DIRECTIONS – The answer must be one number: how many lines of the records contain "full".

SUPPLIED ENTRIES –
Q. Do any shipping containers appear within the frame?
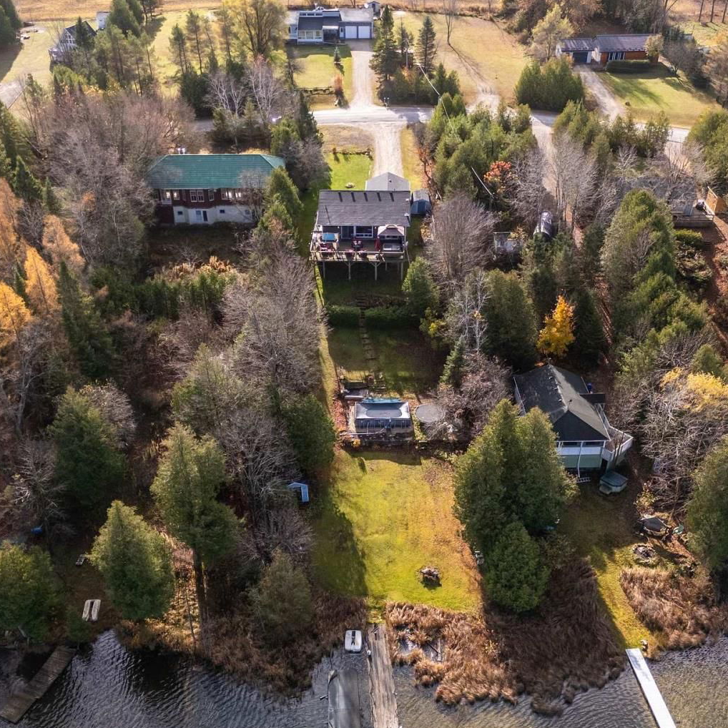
No
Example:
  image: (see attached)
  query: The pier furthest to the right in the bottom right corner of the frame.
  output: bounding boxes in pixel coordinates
[627,649,674,728]
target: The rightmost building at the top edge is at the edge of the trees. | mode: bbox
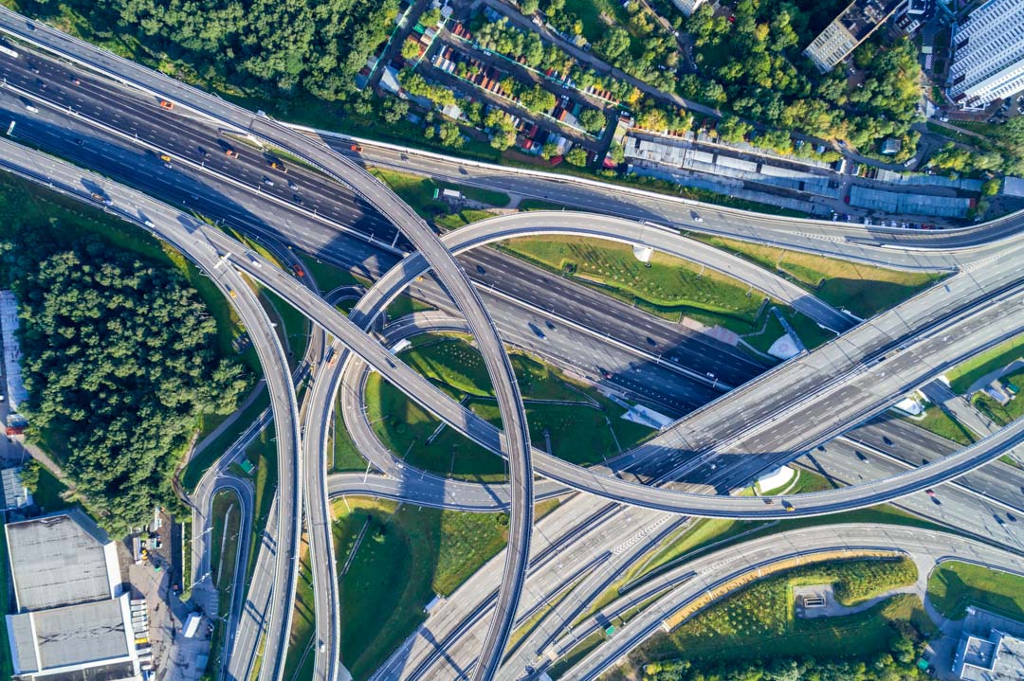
[942,0,1024,109]
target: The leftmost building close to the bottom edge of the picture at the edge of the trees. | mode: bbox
[0,511,143,681]
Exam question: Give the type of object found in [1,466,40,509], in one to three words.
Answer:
building
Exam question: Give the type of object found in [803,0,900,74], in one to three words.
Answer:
building
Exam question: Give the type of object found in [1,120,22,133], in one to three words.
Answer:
vehicle
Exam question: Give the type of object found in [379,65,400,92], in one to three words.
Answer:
shed
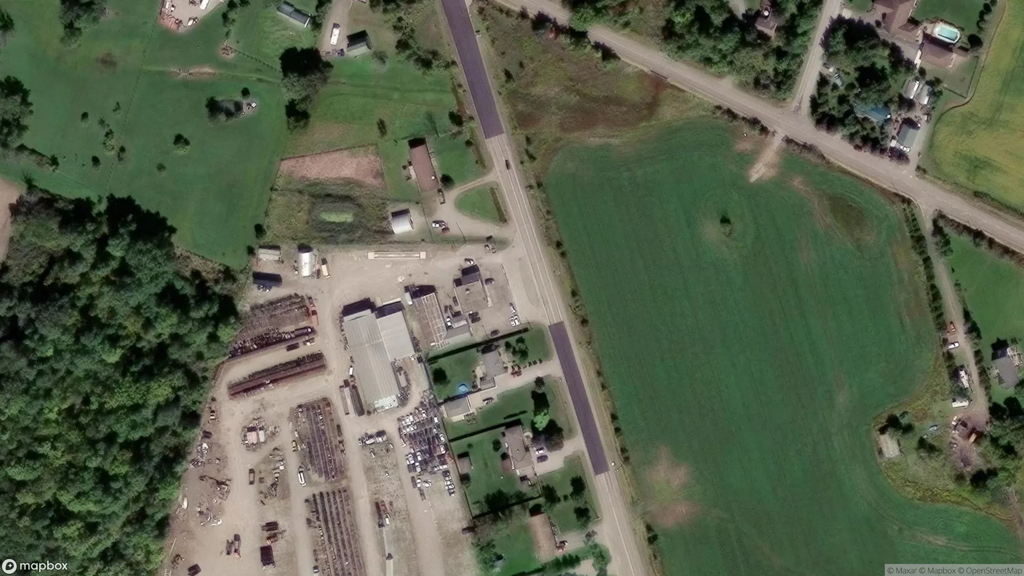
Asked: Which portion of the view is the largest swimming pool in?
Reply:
top right
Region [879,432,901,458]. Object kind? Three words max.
shed
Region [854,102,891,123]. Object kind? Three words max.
house
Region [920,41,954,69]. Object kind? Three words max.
building
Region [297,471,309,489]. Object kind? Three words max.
vehicle
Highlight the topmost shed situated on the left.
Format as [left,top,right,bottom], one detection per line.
[277,1,312,27]
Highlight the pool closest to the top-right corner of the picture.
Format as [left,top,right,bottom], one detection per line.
[934,24,960,44]
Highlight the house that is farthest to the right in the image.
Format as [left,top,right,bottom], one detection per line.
[992,355,1020,389]
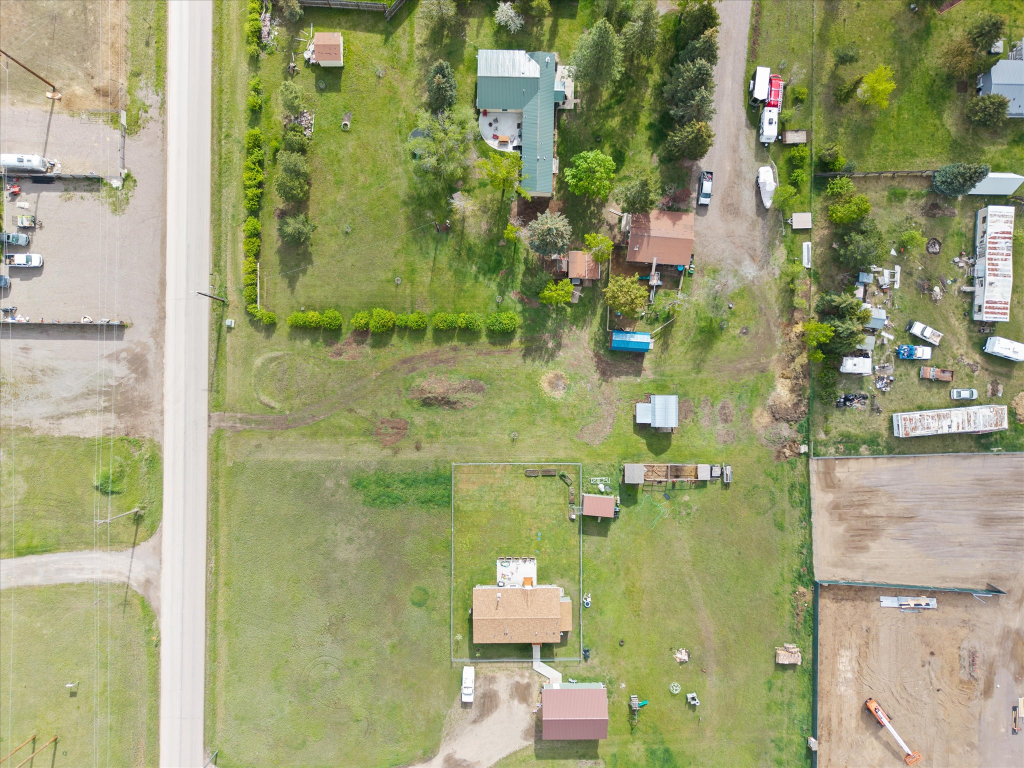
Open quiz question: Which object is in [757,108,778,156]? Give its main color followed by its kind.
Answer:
white trailer
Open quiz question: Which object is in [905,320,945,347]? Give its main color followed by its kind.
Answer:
white truck
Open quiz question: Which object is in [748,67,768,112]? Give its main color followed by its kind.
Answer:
white trailer
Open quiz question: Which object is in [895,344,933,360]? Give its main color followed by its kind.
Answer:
white vehicle
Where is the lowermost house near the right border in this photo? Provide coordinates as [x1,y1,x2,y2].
[887,405,1008,438]
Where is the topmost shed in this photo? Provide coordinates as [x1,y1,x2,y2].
[312,33,345,67]
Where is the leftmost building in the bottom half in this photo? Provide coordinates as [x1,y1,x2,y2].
[471,573,572,644]
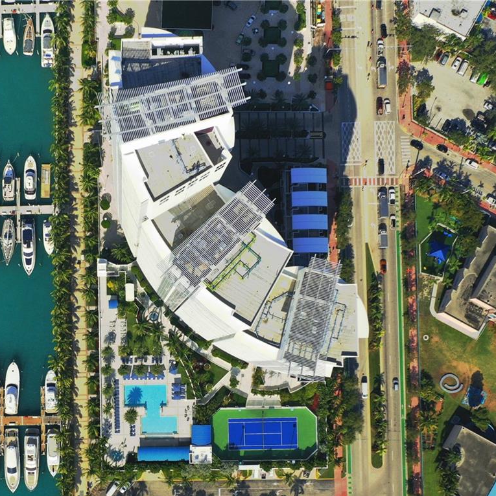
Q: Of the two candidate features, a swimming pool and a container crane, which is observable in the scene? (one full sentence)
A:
I can see a swimming pool in this picture.
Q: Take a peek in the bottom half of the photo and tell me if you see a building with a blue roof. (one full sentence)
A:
Yes, looking in the bottom half of the photo, one can make out a building with a blue roof.
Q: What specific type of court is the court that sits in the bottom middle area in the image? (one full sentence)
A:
The court that sits in the bottom middle area can be classified as a tennis court.
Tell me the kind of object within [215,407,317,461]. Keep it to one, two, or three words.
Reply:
tennis court

RESPONSE BELOW – 3